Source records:
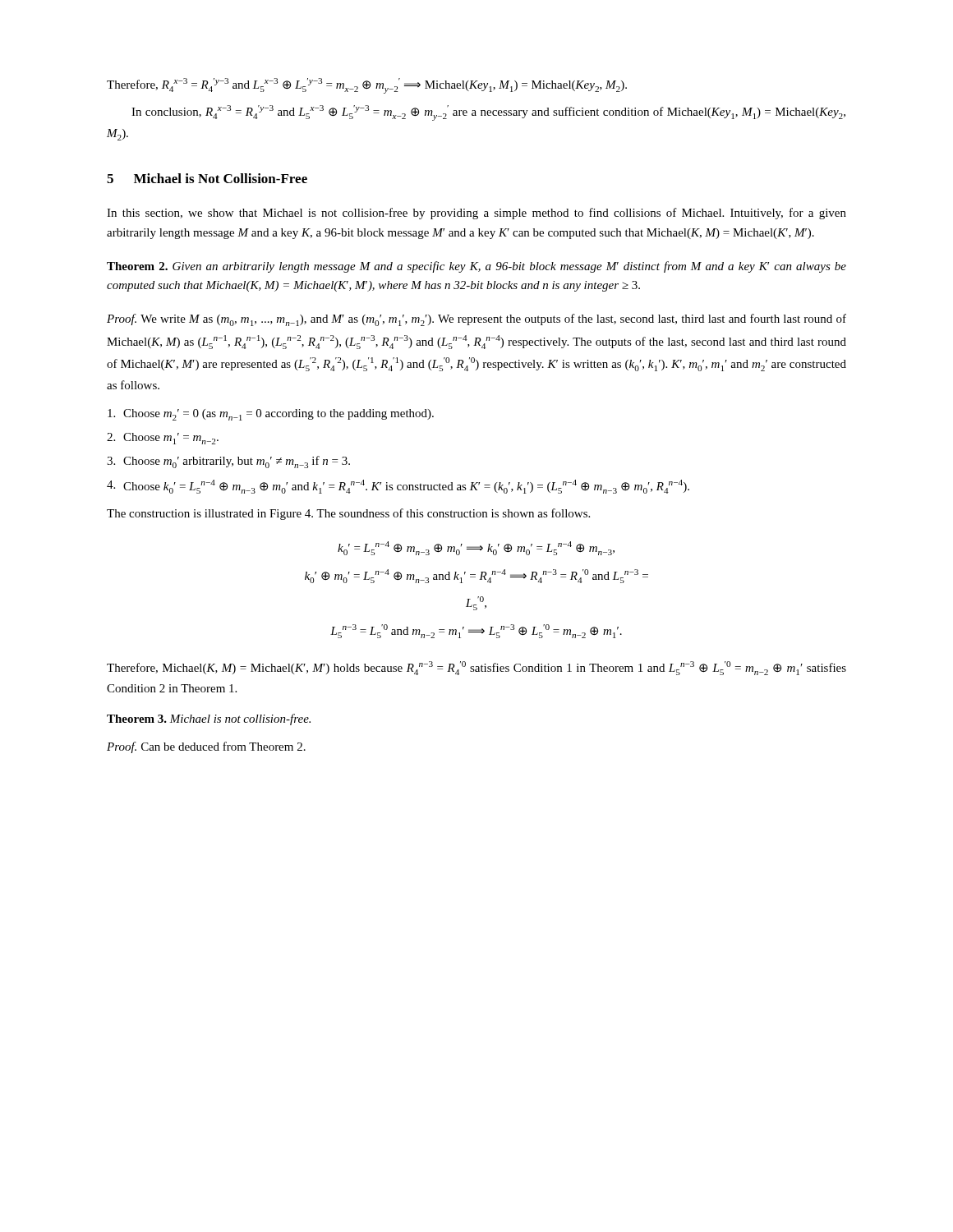The image size is (953, 1232).
Task: Find the block on this page that starts "The construction is illustrated in"
Action: point(476,514)
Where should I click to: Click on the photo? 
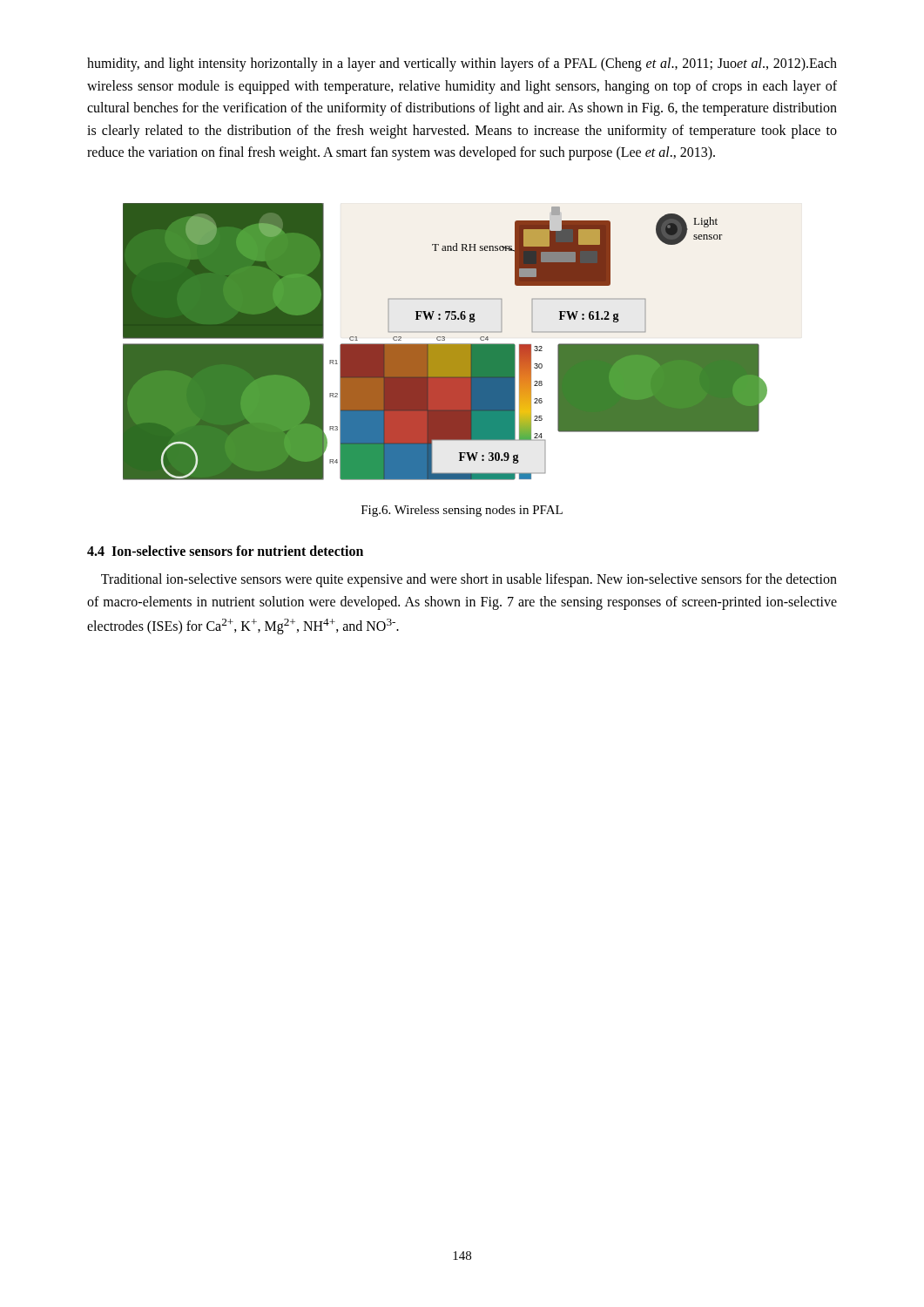(462, 349)
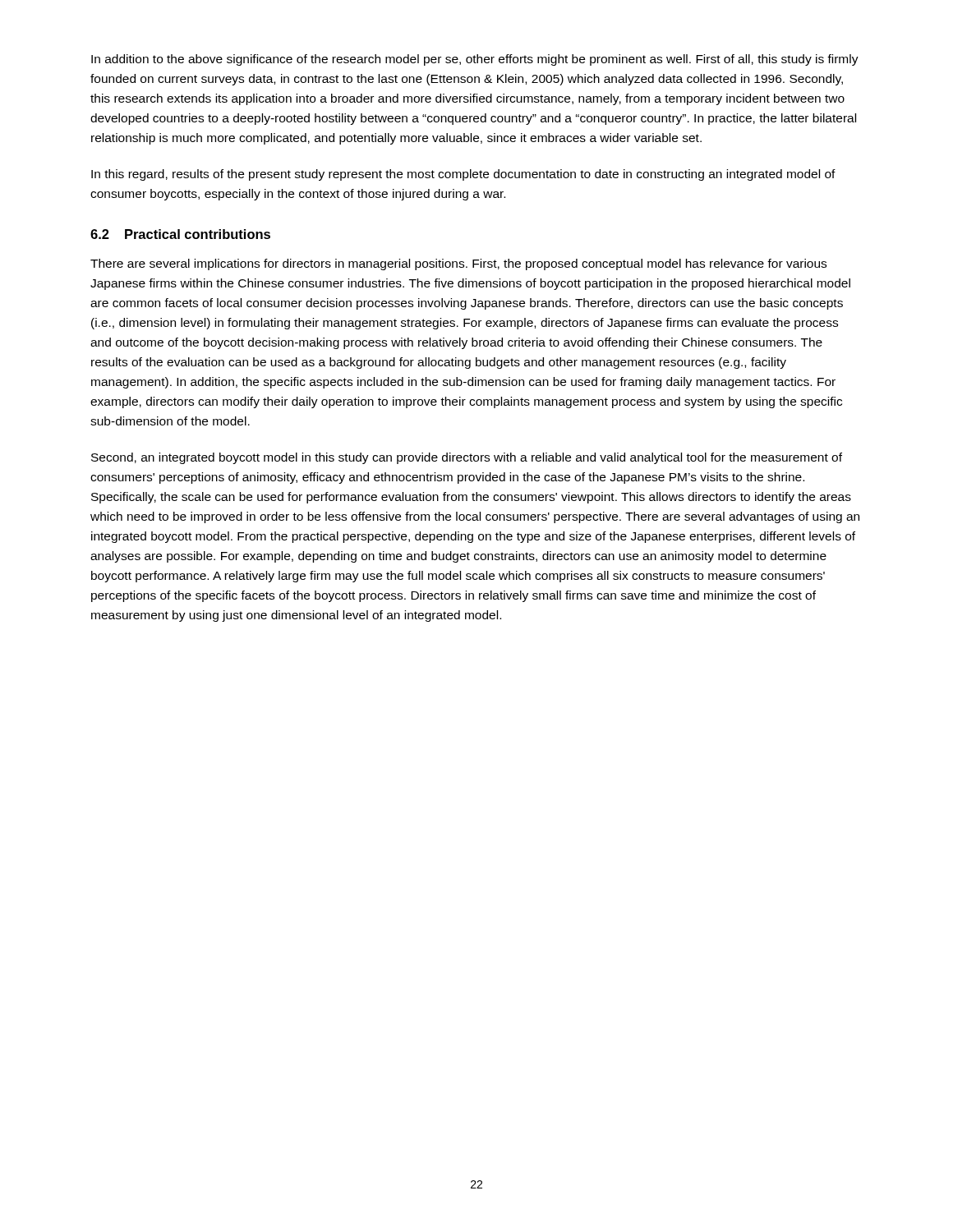Click the passage that begins "In this regard, results of the"
953x1232 pixels.
pos(463,184)
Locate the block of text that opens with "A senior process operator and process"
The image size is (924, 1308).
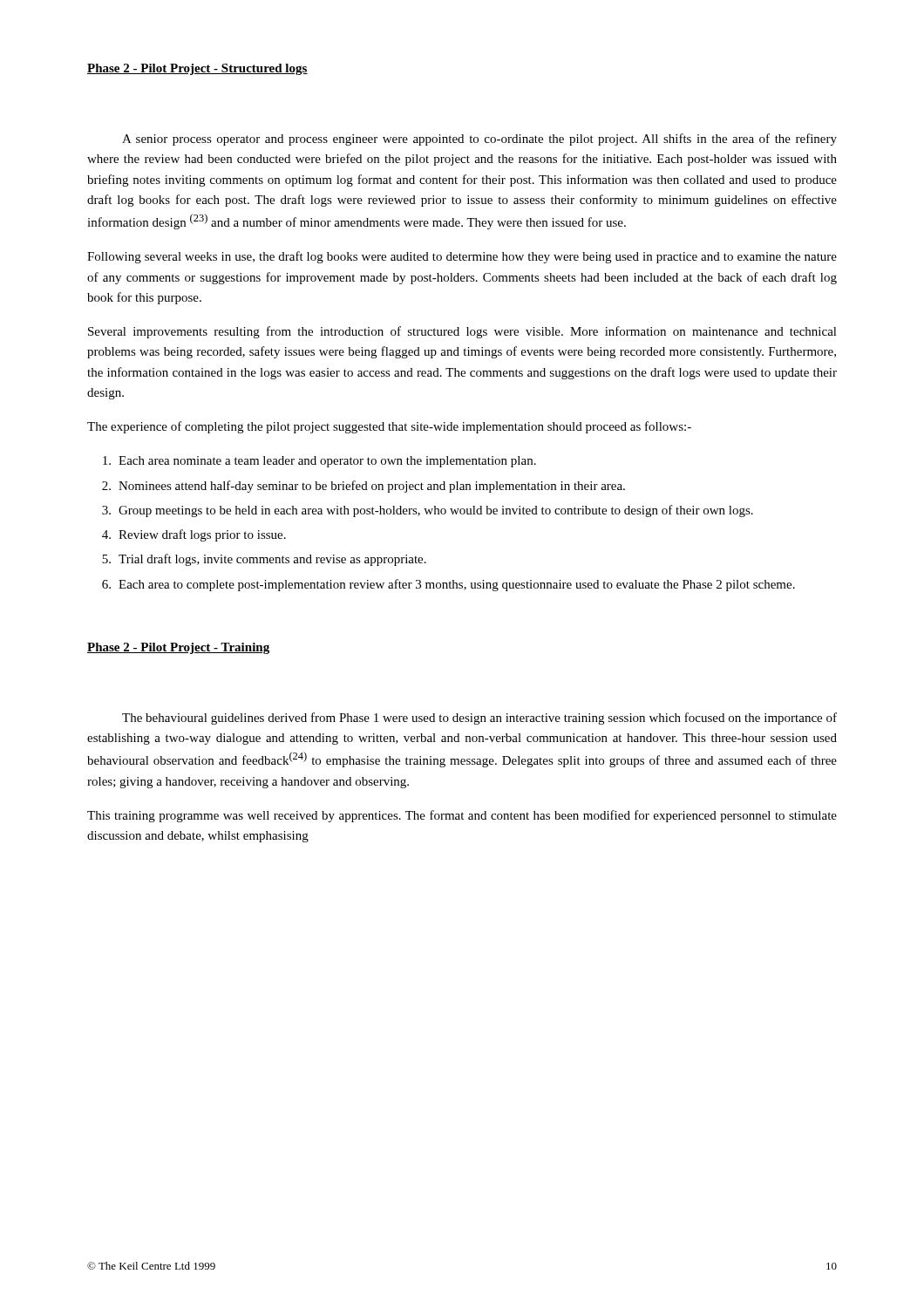[x=462, y=181]
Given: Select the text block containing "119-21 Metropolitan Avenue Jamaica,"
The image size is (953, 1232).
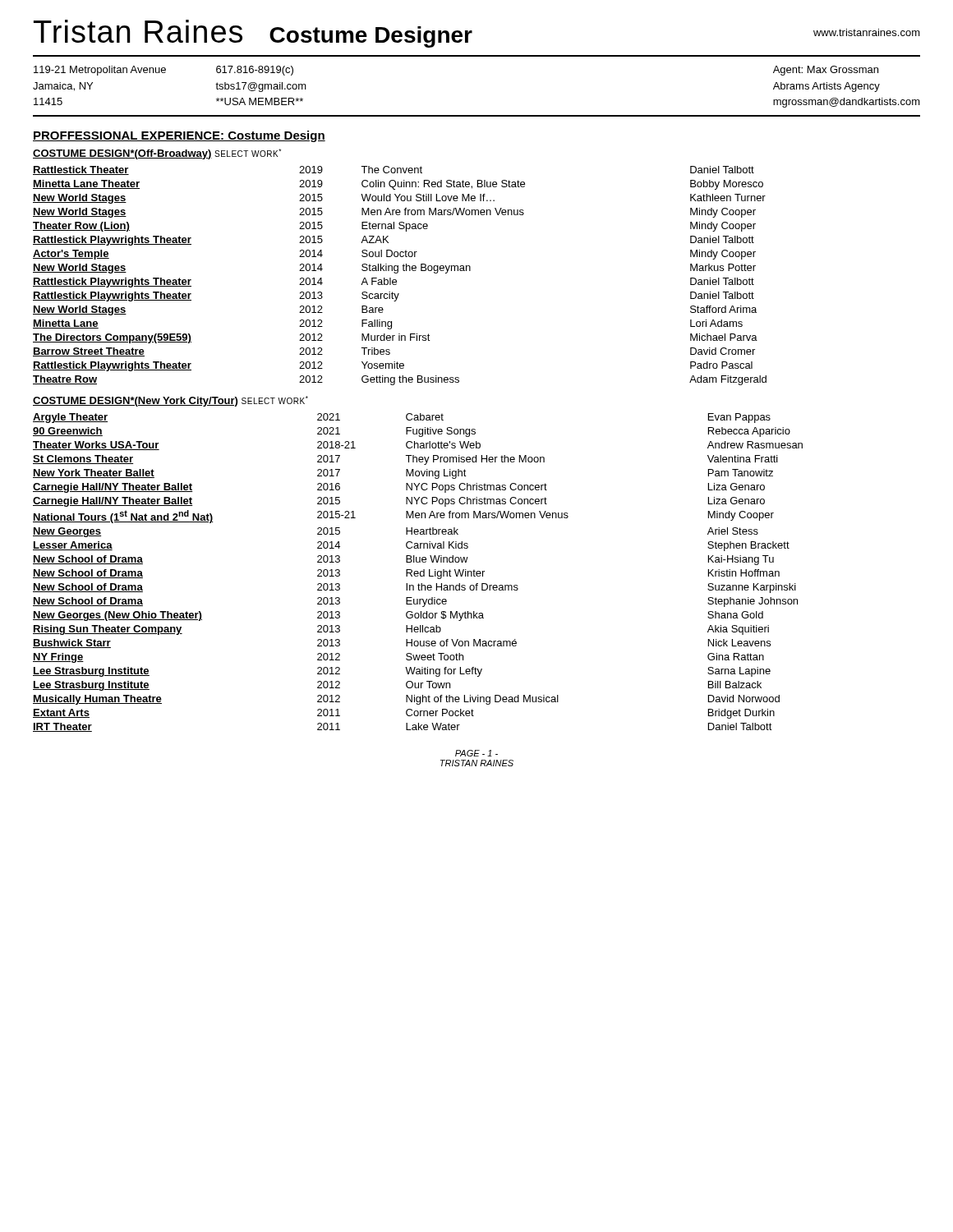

Description of the task:
What is needed is an exact copy of the lines from the one containing "Given: Select the" through the last line of the records, with every picture left out.

Answer box:
Given: Select the text block containing "119-21 Metropolitan Avenue Jamaica,"
The image size is (953, 1232).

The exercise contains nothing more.